◆ **WHAT TO WORK ON**: Transcribe all of the records word for word, please, omitting the pictures.

◆ **MATERIAL SUPPLIED**:
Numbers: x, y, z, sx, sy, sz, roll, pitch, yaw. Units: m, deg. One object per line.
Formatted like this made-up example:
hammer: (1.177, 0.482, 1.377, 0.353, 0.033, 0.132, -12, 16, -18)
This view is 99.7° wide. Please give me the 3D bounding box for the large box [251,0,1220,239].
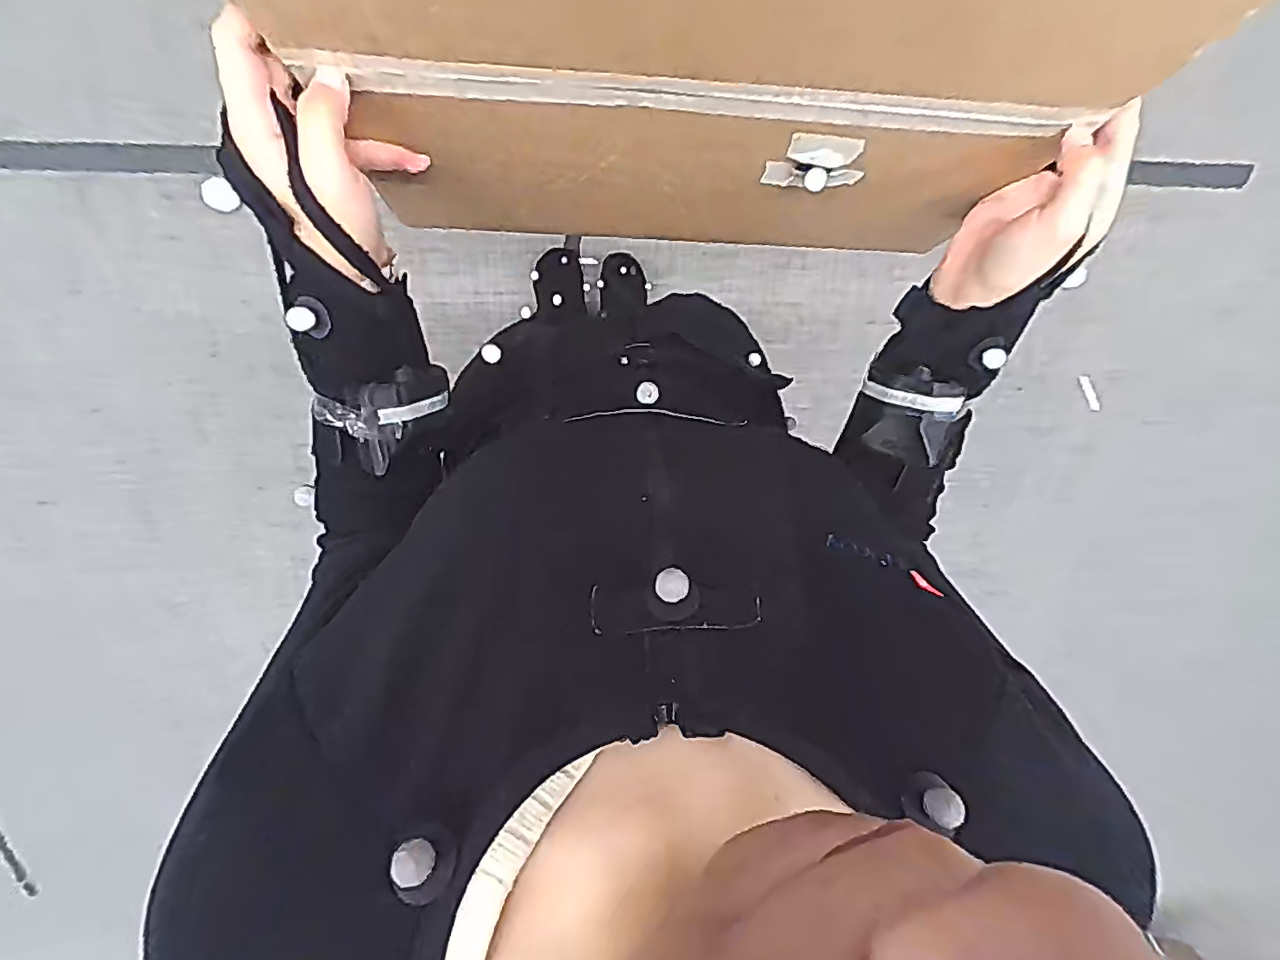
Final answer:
large box: (0.032, -0.346, 0.271, 0.408, 0.320, 0.320, 0, 89, -5)
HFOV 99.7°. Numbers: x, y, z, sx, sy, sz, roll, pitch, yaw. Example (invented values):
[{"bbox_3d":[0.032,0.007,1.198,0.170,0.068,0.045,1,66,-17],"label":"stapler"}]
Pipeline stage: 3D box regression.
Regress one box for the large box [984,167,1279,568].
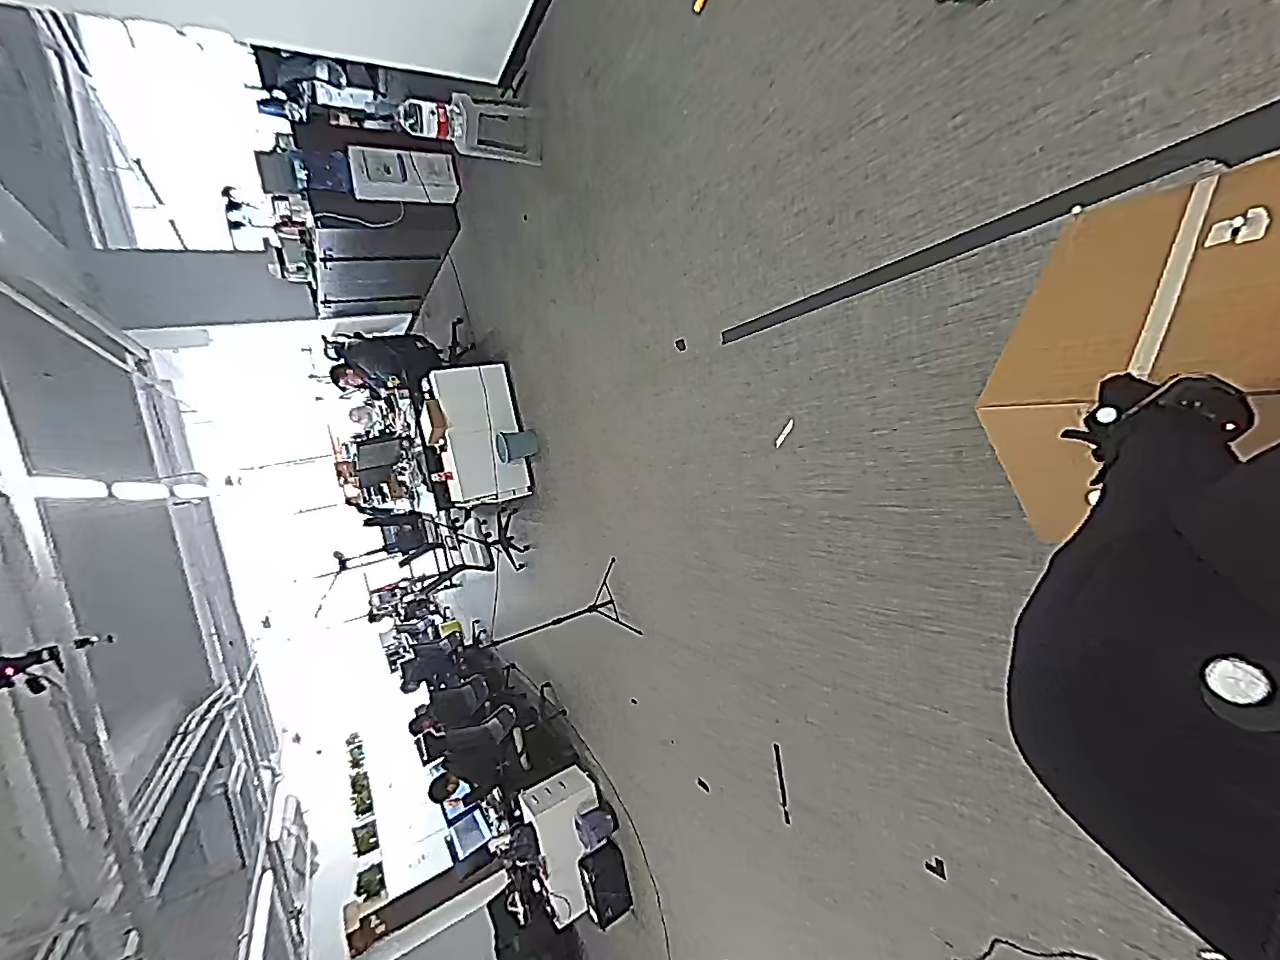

◆ **ANSWER BELOW**:
Numbers: x, y, z, sx, sy, sz, roll, pitch, yaw. Units: m, deg. One object per line.
Formatted like this made-up example:
hammer: (1.177, 0.482, 1.377, 0.353, 0.033, 0.132, -12, 16, -18)
This view is 99.7° wide. Please give me the 3D bounding box for the large box [251,0,1220,239].
Final answer:
large box: (0.032, -0.346, 0.271, 0.408, 0.320, 0.320, 0, 89, -5)
HFOV 99.7°. Numbers: x, y, z, sx, sy, sz, roll, pitch, yaw. Example (invented values):
[{"bbox_3d":[0.032,0.007,1.198,0.170,0.068,0.045,1,66,-17],"label":"stapler"}]
Pipeline stage: 3D box regression.
Regress one box for the large box [984,167,1279,568].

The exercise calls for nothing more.